Eu não gosto de qualquer coisa, e você?

Recentemente, e põe recente nisso, escutei um argumento que me soou tão absurdo, tão despropositado, tão sem senso que não consegui evitar em vir aqui e desabafar.

Na caixa de comentários da postagem sobre a leitura do livro UFO, disseram que fui insensível por não reconhecer os méritos da editora em lançar autores novos. Acusaram-me de não tecer loas a essa iniciativa, seja lá quanto isso tenha custado a cada autor envolvido (conheço os valores, mas não vou entrar nesse mérito). E me hostilizaram por não “entender” que a editora é nova e, portanto, sujeita a organizar trabalhos de baixa qualidade.

Como se tempo de mercado fosse premissa para justificar porcarias.

O que quero dizer é que uma coletânea ou antologia, não importando se paga ou não, deve, por obrigação, exigir e oferecer a maior qualidade possível. Entende-se por qualidade todo o processo editorial. Da chamada para a submissão à distribuição. E entende-se como “possível” o máximo a que cada editora pode chegar. Algumas, como a Draco e a Tarja (falando de editoras relativamente recentes) oferecem muito boa qualidade, beirando a excelência (e, em alguns casos, a atingindo com louvor). Outras como… E como… Oferecem qualquer coisa.

Eu não sou o tipo de leitor que aceita qualquer coisa, você é?

Sei que esse é um papo pra lá de repetitivo. Todos nós já nos cansamos de ouvir essa ladainha centenas de vezes. Mas me parece que se trata de um assunto que deve ser trazido à baila de vez em quando.

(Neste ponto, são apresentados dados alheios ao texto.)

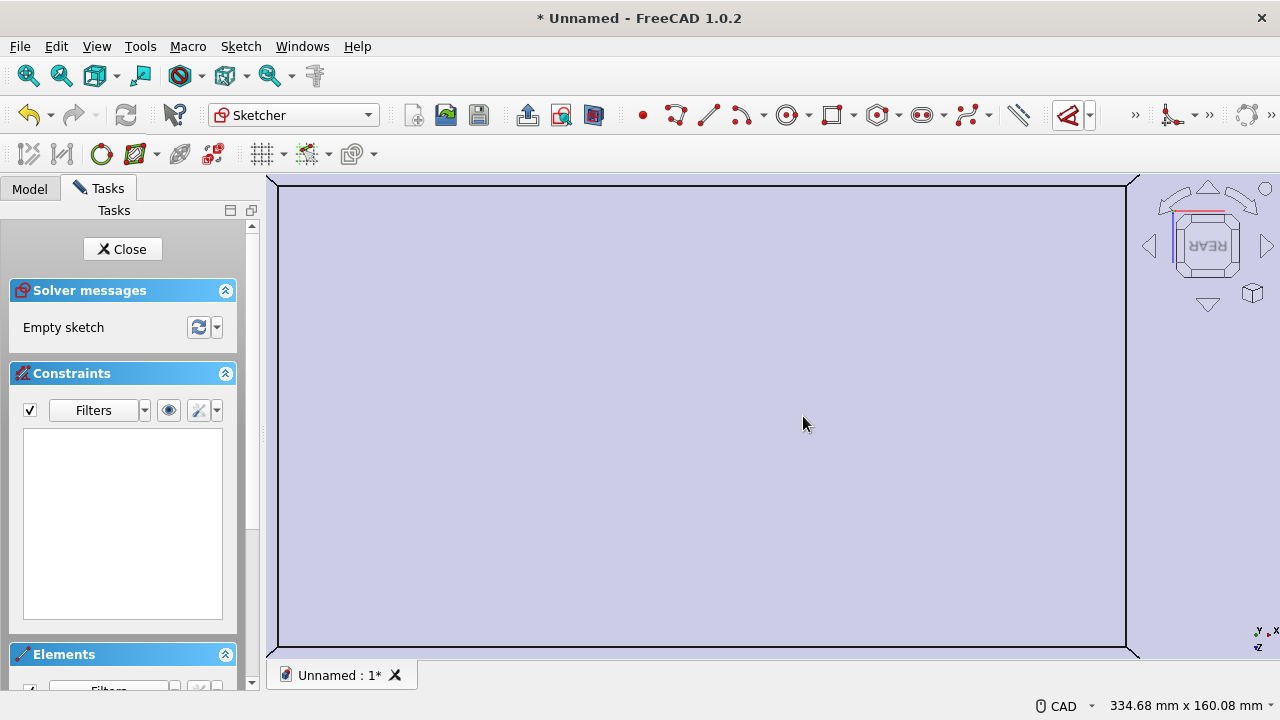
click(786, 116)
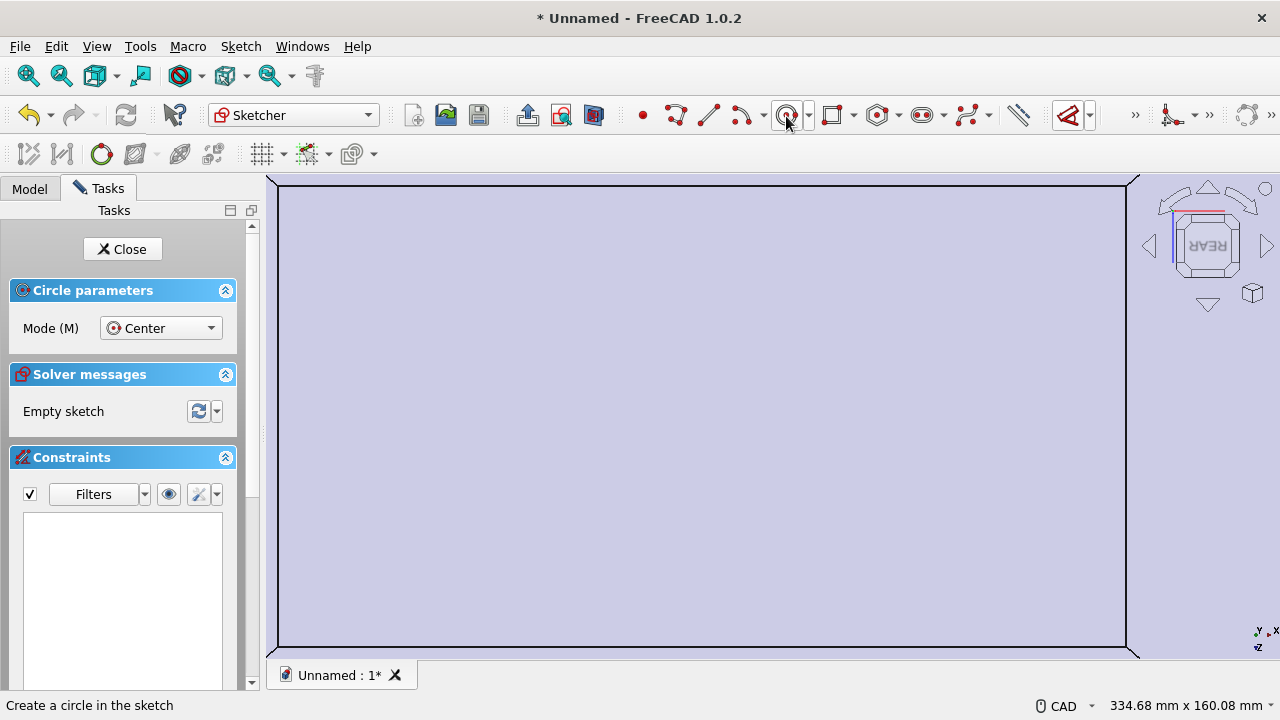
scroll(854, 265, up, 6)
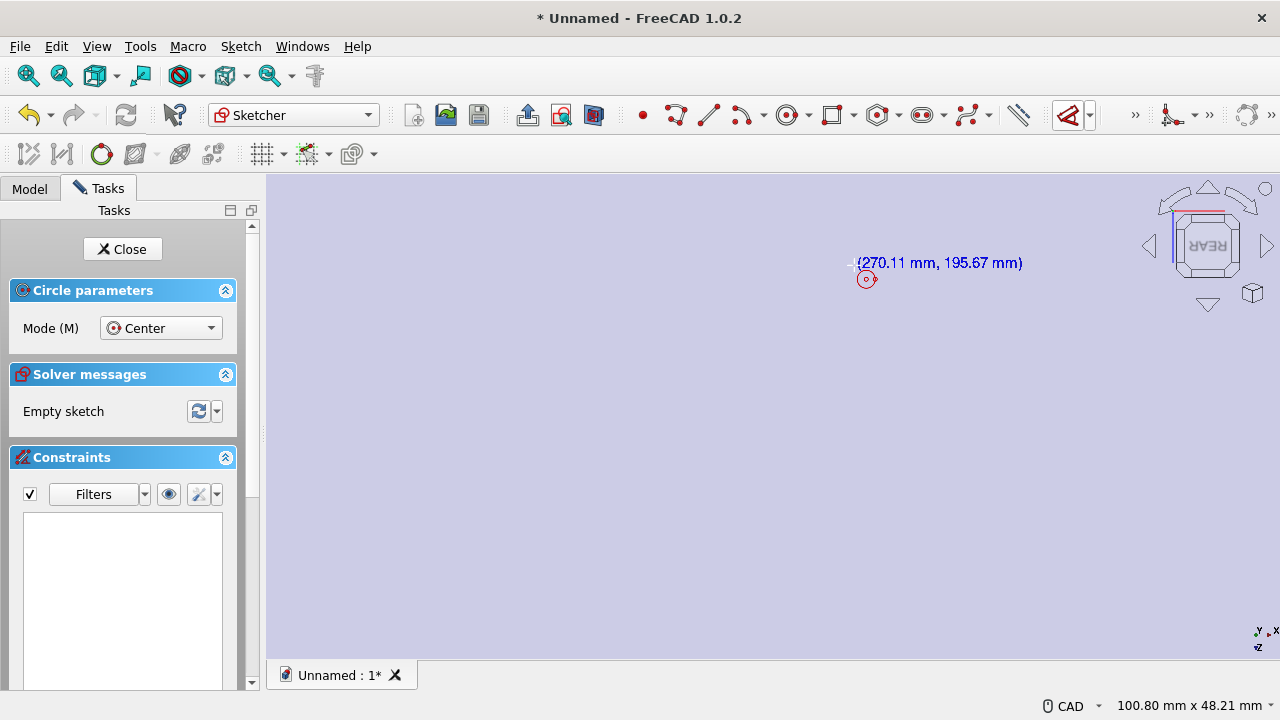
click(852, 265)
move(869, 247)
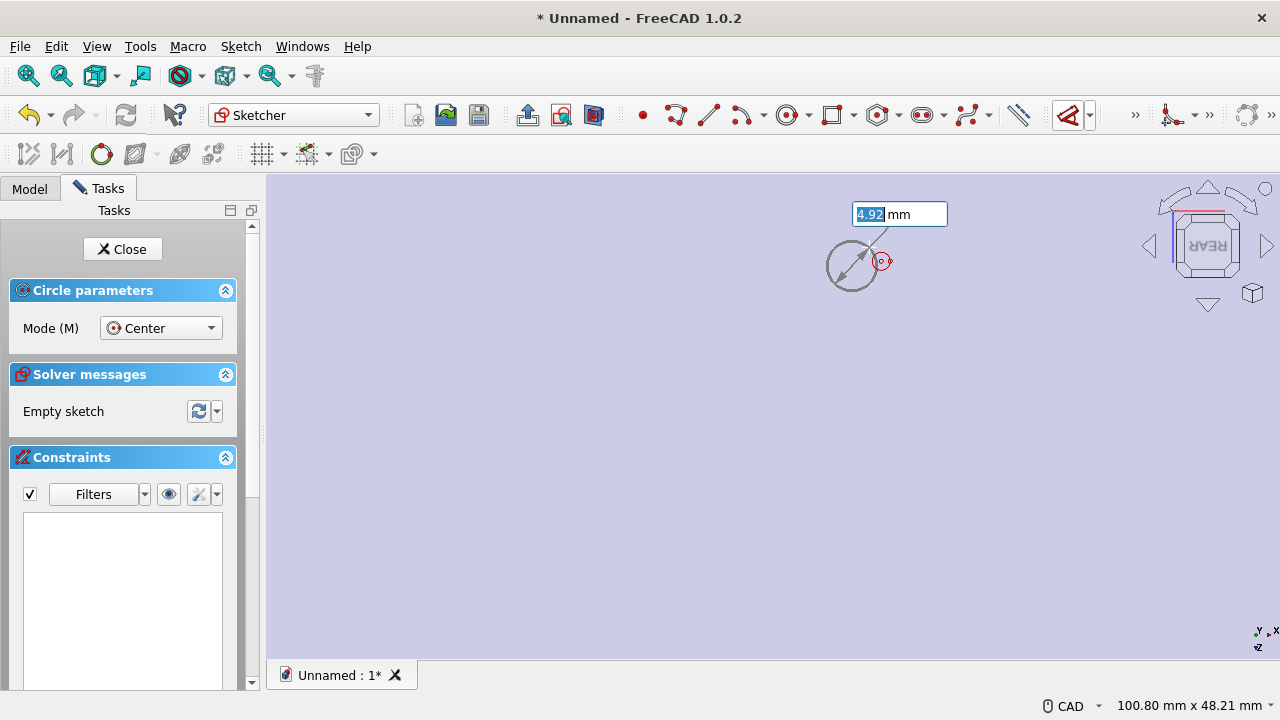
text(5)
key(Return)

Uma chamada recente para uma antologia saiu-se com uma ótima. Reproduzo abaixo um trecho dessa chamada para que a analisem por si mesmos:

“A antologia XXXX continuará recebendo textos. Assim, daremos tempo aos que ainda tem a intenção de enviar seus textos e àqueles que quiserem fazer suas mudanças.

A parte boa é que agora os autores não terão que pagar para publicar na antologia XXXX.

EXATAMENTE! O AUTOR NÃO TERÁ QUE PAGAR NADA!

A participação será gratuita. Portanto a seleção será mais rígida.”

Notaram? Como não cobrará nada, a editora tratará de tornar mais rígida a seleção de contos. Com o autor pagando, entra qualquer coisa.

E eu já disse que detesto qualquer coisa.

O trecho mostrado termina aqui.